As for the 90% of images that weren’t needed anyway - that was because the images were not stored in the database and so deleting the last of the thousands of database references to an image didn’t delete the image as well. Some were also leftovers because the database query did a ROLLBACK and the image didn’t understand that meant that it diidn’t need to save itself.
Yes, I agree that the effort to keep separate handling of images and data synchronized (I’m sure that’s not the correct word, but I hope you understand what I mean) depends on the complexity of the application, and is surely a factor to be considered.
[ot]
Also images outside the database can be easily stolen whereas ones in the database are as secure as everything else in the database.
Makes me wonder: wouldn’t it be possible to store them in a protected folder, and display them with some code similar to that used to get them from the database?[/ot]
That goes part way to achieving the security that placing the images in the database would give but you’d need to add code to it to test if the current person is allowed to access the image. When extracting from the database that would already have been taken care of as that criteria would be part of the WHERE clause on the select.

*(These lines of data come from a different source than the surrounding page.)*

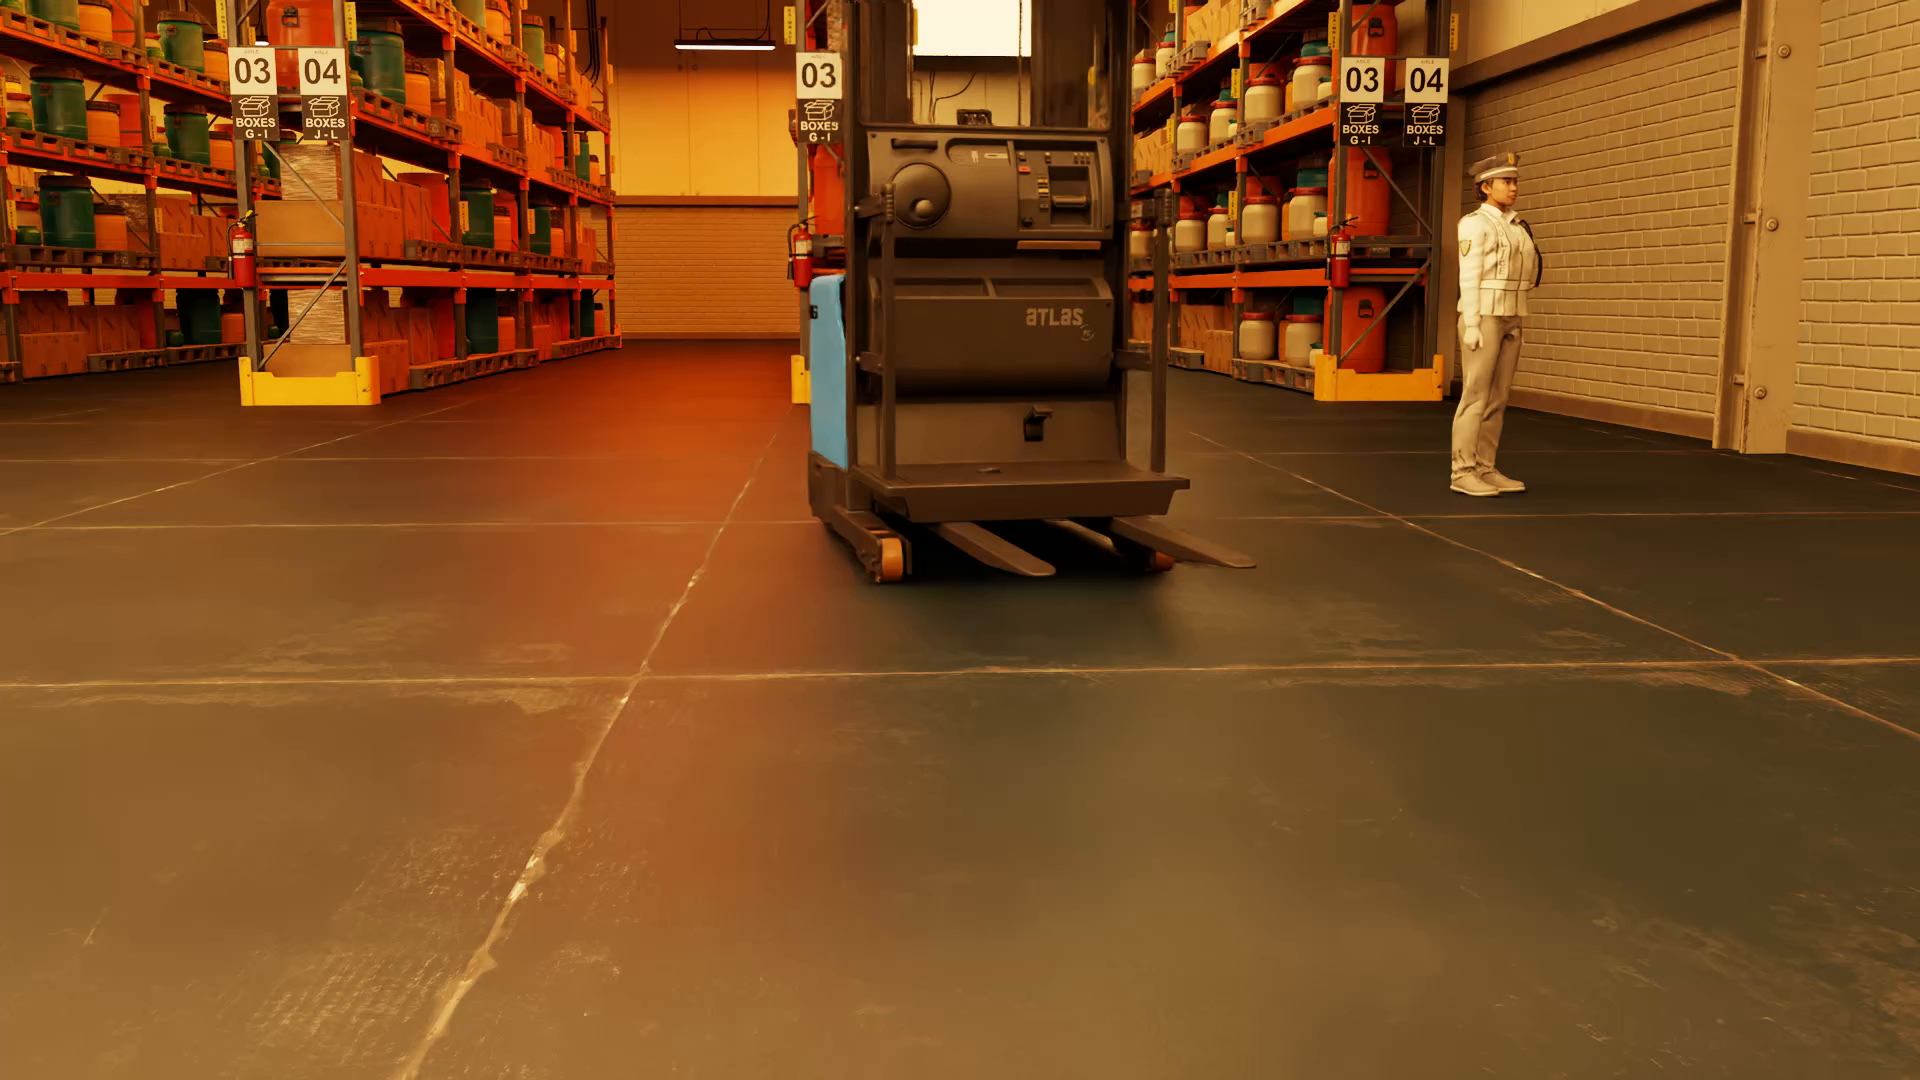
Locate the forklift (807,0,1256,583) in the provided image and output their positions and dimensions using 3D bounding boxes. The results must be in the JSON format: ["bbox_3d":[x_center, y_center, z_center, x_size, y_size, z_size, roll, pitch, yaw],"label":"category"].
[{"bbox_3d":[0.169,-1.359,5.982,1.130,2.935,3.031,-2,9,-14],"label":"forklift"}]

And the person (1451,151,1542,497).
[{"bbox_3d":[2.679,-1.079,8.340,0.464,1.692,0.337,-7,11,-41],"label":"person"}]
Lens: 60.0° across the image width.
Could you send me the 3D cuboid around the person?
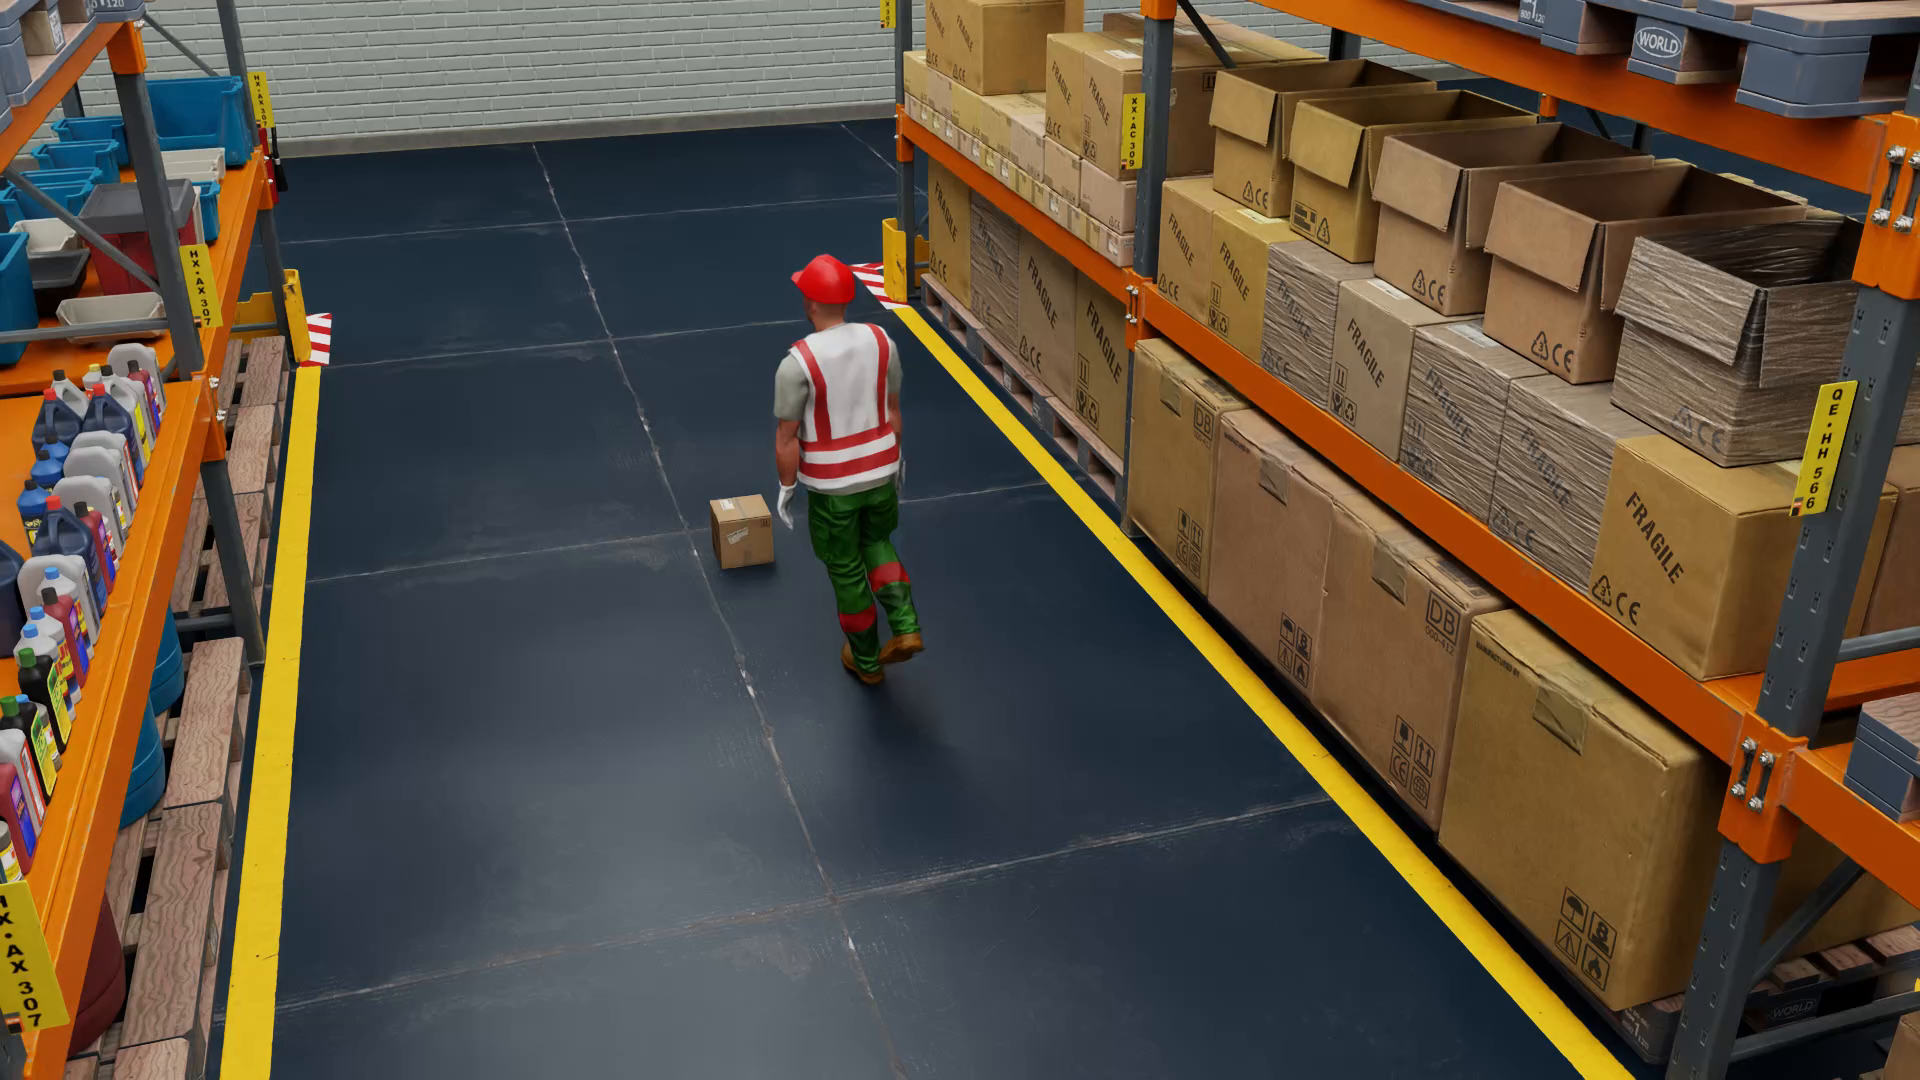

Again its a trade off between the data taking up more space and the code being a lot longer.
Which way you go with this will mostly depend on the size of the application you are developing. For tiny applications keeping the images separate usually has advantages but with bigger applications the benefits of placing the images in the database usually far exceed the alternative and can save millions of lines of code.
In the book “SQL Antipatterns” by Bill Karwin placing images outside of the database is one of the 24 practices that he identifies as usually being a bad idea. There is a whole chapter of that book that covers all the different sorts of things that can go wrong if you keep the images separate as well as lists of the pros and cons of both alternatives so that you can decide whether your application is one where the benefits of placing the images separately outweigh all the disadvantages that you get from doing so.
From my experience the main problem people have in this area is that keeping the images separate is usually a good idea for tiny applications but the advantages of doing that disappear as the application gets bigger while those used to working on the tiniest of applications don’t realise the problems they are creating for themselves when they continue to keep the images separate when their application has grown big enough to make it better to put them in the database - even if the only benefit you will get from that is automatic cleanup of images on a ROLLBACK it might be worth it.